For the material below, return exactly the lines starting at the one holding "3. Pattern B" and ending at the one holding "4. Pattern C", counting both as part of the range.

┄┄┄┄┄┄┄┄┄┄┄┄┄┄┄┄┄┄┄┄

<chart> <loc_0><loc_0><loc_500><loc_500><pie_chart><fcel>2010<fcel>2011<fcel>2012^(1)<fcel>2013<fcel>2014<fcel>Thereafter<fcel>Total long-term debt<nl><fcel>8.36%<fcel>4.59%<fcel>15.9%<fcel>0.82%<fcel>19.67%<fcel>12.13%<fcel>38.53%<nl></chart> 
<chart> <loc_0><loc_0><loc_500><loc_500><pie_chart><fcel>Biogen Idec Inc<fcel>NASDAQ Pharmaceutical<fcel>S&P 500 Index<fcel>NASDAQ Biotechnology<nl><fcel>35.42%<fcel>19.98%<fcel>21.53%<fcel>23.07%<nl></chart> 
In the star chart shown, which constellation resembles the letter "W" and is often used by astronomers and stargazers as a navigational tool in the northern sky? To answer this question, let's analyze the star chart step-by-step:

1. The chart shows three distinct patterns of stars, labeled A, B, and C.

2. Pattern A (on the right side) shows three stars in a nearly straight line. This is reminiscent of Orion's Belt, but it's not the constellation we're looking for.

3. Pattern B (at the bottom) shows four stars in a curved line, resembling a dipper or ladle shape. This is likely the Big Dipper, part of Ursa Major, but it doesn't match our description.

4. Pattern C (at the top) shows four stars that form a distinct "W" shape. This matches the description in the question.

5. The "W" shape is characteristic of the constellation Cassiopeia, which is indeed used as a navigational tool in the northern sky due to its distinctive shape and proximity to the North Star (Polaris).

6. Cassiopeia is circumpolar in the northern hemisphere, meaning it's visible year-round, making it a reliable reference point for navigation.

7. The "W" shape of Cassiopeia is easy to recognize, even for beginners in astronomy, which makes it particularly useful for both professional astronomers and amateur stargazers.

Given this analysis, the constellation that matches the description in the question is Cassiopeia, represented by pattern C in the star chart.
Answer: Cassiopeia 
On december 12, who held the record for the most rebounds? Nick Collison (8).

┄┄┄┄┄┄┄┄┄┄┄┄┄┄┄┄┄┄┄┄

### Finished exercise
3. Pattern B (at the bottom) shows four stars in a curved line, resembling a dipper or ladle shape. This is likely the Big Dipper, part of Ursa Major, but it doesn't match our description.

4. Pattern C (at the top) shows four stars that form a distinct "W" shape. This matches the description in the question.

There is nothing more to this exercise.